- Instructions for the task: If a line below contains the word "degrees", count it. Please give the total and nothing else.

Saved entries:
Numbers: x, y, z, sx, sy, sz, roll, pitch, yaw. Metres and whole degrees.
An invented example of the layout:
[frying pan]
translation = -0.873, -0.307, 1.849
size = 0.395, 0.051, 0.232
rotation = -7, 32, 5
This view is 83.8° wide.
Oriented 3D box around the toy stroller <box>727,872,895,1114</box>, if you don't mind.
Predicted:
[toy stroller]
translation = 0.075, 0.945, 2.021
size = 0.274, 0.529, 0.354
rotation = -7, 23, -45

* * *

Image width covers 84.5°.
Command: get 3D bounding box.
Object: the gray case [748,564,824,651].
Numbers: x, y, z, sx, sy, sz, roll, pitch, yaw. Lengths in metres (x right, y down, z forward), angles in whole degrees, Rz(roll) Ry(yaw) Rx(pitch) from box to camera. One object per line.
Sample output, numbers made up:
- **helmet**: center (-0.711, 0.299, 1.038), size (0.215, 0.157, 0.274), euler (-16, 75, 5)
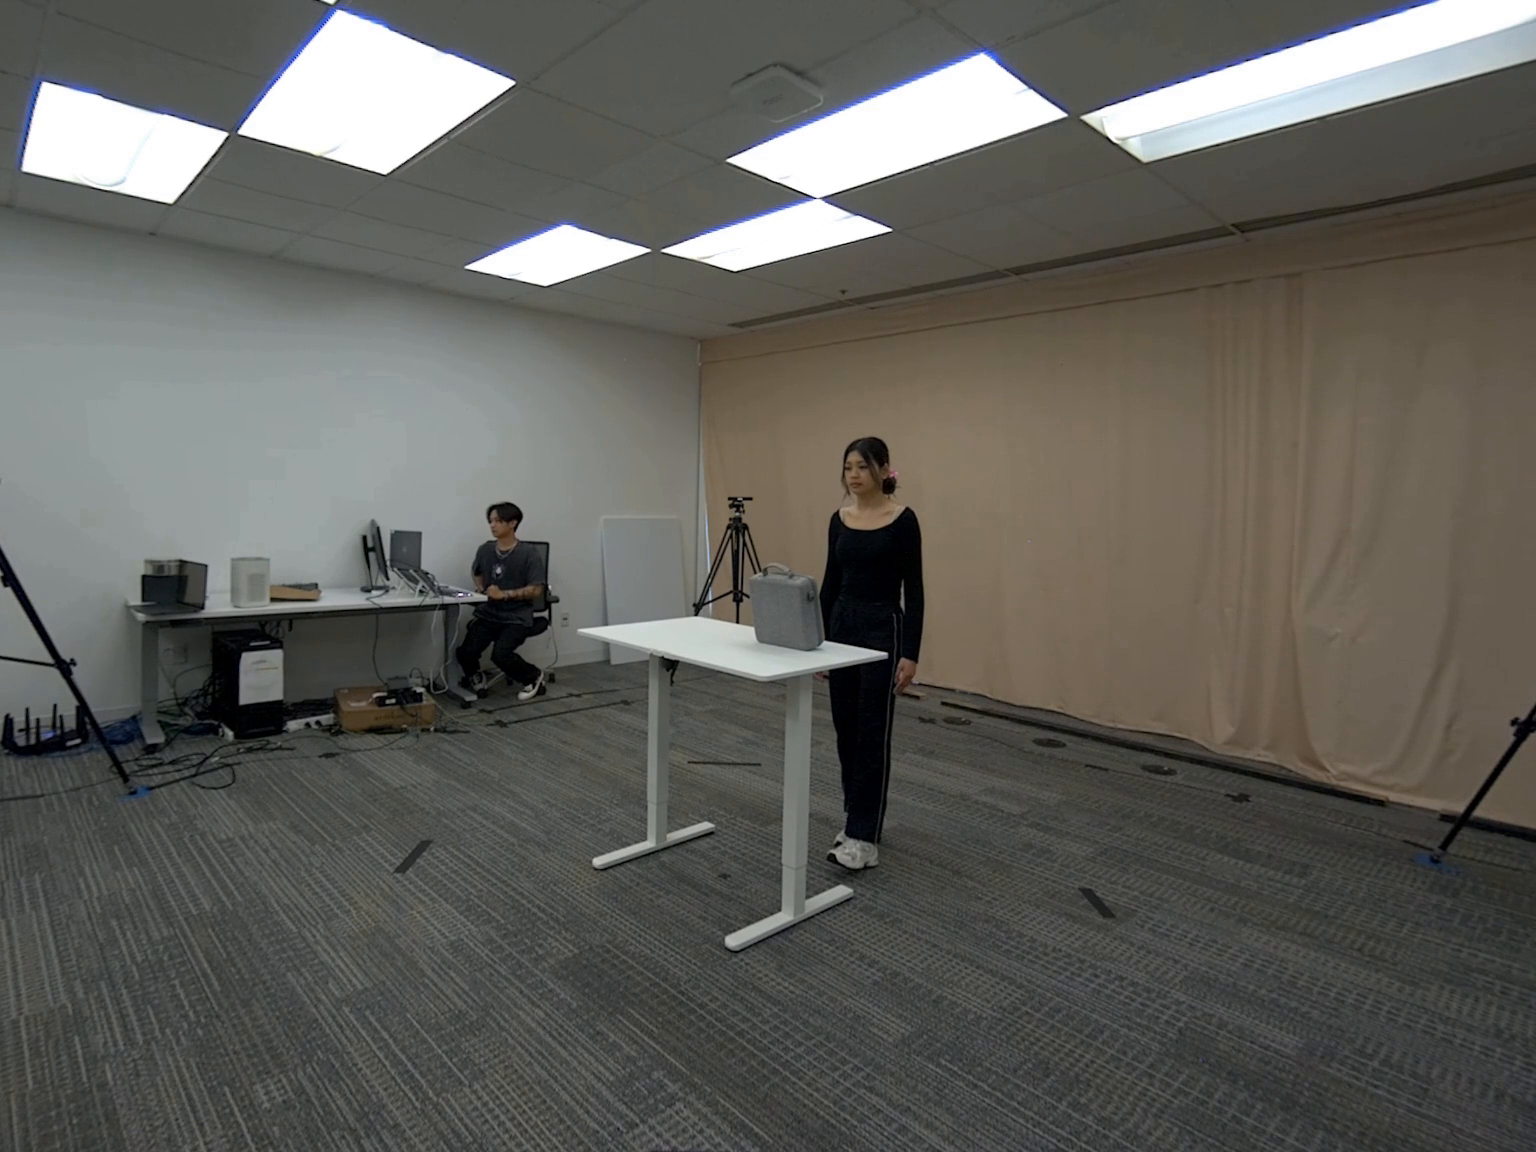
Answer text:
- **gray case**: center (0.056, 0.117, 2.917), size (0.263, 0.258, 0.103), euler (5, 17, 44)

- Answer space: 2